## SUPPLIED ENTRIES

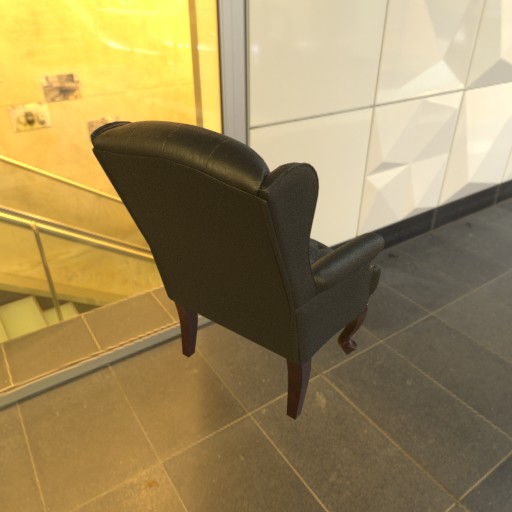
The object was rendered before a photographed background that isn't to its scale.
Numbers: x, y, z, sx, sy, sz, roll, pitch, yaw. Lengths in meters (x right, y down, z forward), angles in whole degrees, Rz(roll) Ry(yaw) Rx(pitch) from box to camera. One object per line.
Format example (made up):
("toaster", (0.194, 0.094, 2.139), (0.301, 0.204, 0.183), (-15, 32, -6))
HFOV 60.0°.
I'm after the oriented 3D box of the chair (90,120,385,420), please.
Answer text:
("chair", (0.000, 0.000, 1.701), (0.831, 1.133, 0.822), (21, 37, 31))
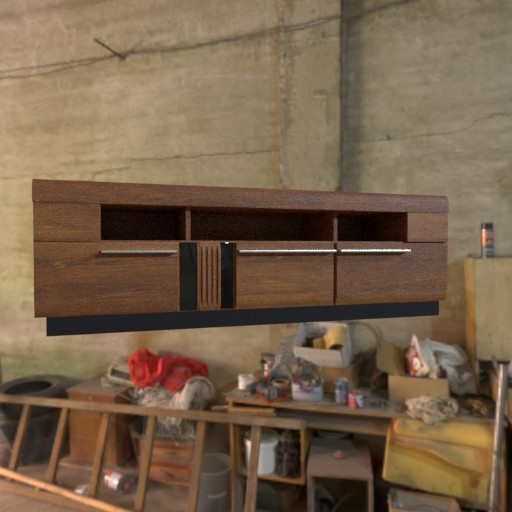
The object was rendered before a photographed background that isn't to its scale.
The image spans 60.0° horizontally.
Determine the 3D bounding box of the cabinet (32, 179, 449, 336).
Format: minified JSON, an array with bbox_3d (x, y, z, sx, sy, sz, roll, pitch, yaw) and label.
[{"bbox_3d":[0.000,0.000,1.819,1.600,0.510,0.419,0,1,-17],"label":"cabinet"}]
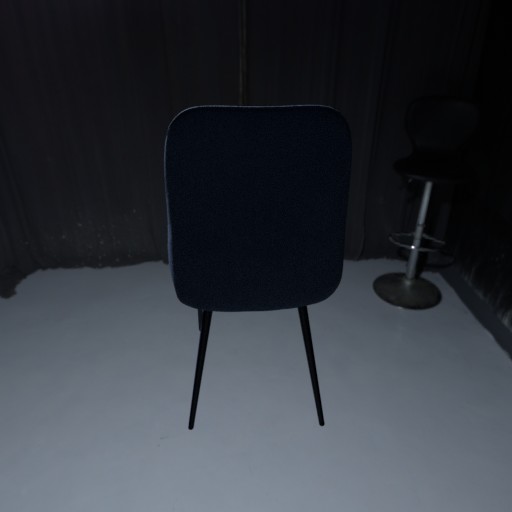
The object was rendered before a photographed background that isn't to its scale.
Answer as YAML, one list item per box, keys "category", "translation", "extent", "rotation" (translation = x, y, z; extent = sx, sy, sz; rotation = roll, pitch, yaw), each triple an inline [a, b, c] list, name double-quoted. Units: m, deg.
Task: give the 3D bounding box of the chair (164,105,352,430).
- category: "chair"
  translation: [0.000, 0.000, 1.214]
  extent: [0.478, 0.896, 0.559]
  rotation: [-1, 30, -2]
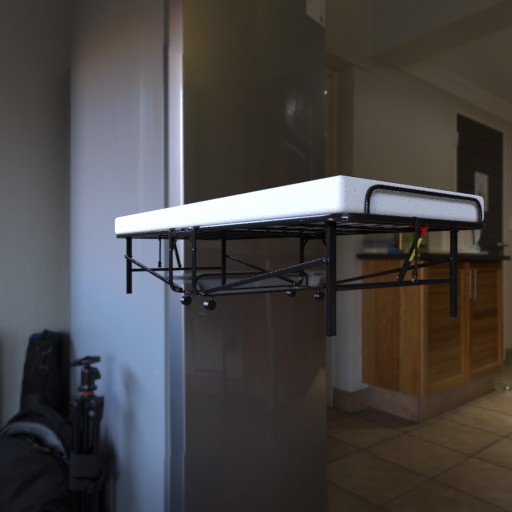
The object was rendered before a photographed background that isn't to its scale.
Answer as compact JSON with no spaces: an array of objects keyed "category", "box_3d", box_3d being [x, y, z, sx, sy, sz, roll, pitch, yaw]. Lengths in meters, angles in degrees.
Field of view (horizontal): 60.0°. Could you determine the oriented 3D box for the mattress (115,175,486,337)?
[{"category":"mattress","box_3d":[0.000,0.000,2.457,0.922,0.519,2.153,0,1,-36]}]
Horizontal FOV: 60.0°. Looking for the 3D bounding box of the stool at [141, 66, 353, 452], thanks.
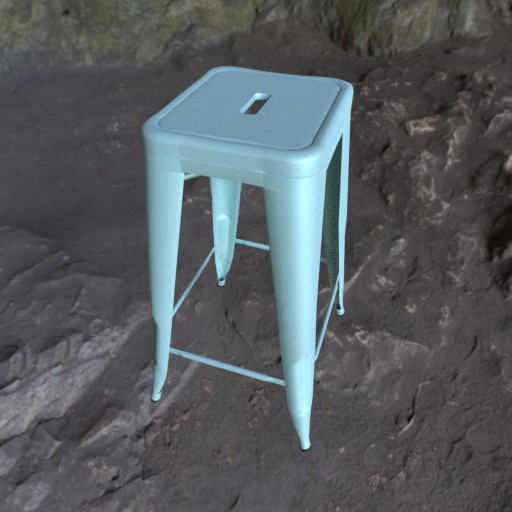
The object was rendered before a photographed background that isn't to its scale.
[{"bbox_3d":[0.000,0.000,0.860,0.359,0.609,0.399,12,42,14],"label":"stool"}]
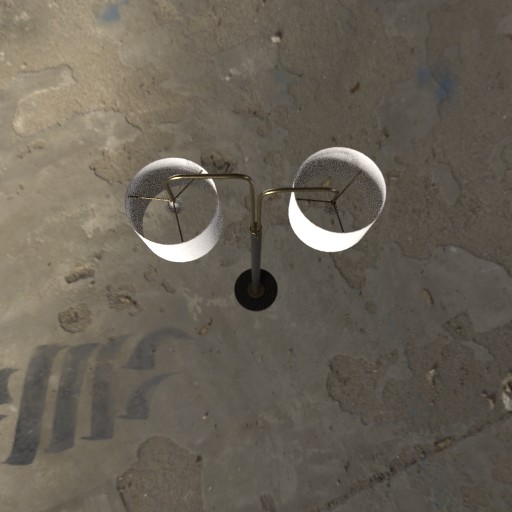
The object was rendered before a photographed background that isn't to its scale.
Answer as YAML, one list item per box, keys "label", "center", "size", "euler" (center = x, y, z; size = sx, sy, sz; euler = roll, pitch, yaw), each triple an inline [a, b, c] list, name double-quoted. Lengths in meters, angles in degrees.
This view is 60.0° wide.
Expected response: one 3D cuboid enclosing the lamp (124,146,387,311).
- label: "lamp"
  center: [0.000, 0.000, 1.837]
  size: [0.711, 1.587, 0.254]
  euler: [-4, 75, -1]
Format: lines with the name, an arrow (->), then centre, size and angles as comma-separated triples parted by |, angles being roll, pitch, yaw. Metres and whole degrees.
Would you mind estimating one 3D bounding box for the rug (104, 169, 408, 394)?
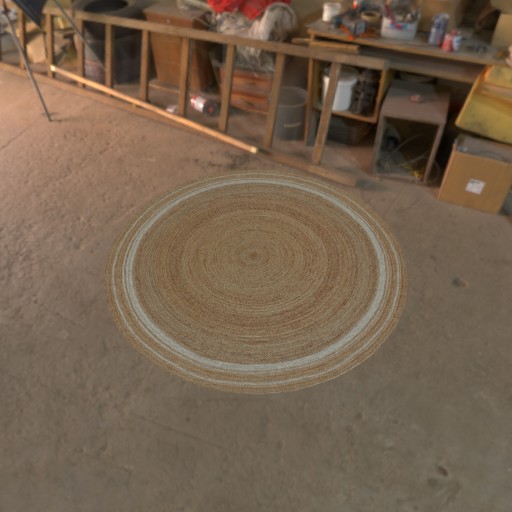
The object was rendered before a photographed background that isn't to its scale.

## INSTRUCTIONS TO FOLLOW
Using the listing above, restate exactly the range between the lines holding "Answer as compact" and "This view is 60.0° wide.", inclusive, with pictures left out.

## RESULT OF THIS EXERCISE
Answer as compact JSON with no spaces: an array of objects keyed "category", "box_3d", box_3d being [x, y, z, sx, sy, sz, roll, pitch, yaw]. Lengths in meters, angles in degrees.
Field of view (horizontal): 60.0°. Could you determine the oriented 3D box for the mattress (115,175,486,337)?
[{"category":"mattress","box_3d":[0.000,0.000,2.457,0.922,0.519,2.153,0,1,-36]}]
Horizontal FOV: 60.0°. Looking for the 3D bounding box of the stool at [141, 66, 353, 452], thanks.
The object was rendered before a photographed background that isn't to its scale.
[{"bbox_3d":[0.000,0.000,0.860,0.359,0.609,0.399,12,42,14],"label":"stool"}]
The object was rendered before a photographed background that isn't to its scale.
Answer as YAML, one list item per box, keys "label", "center", "size", "euler" (center = x, y, z; size = sx, sy, sz; euler = roll, pitch, yaw), each triple an inline [a, b, c] list, name double-quoted. Lengths in meters, angles in degrees.
This view is 60.0° wide.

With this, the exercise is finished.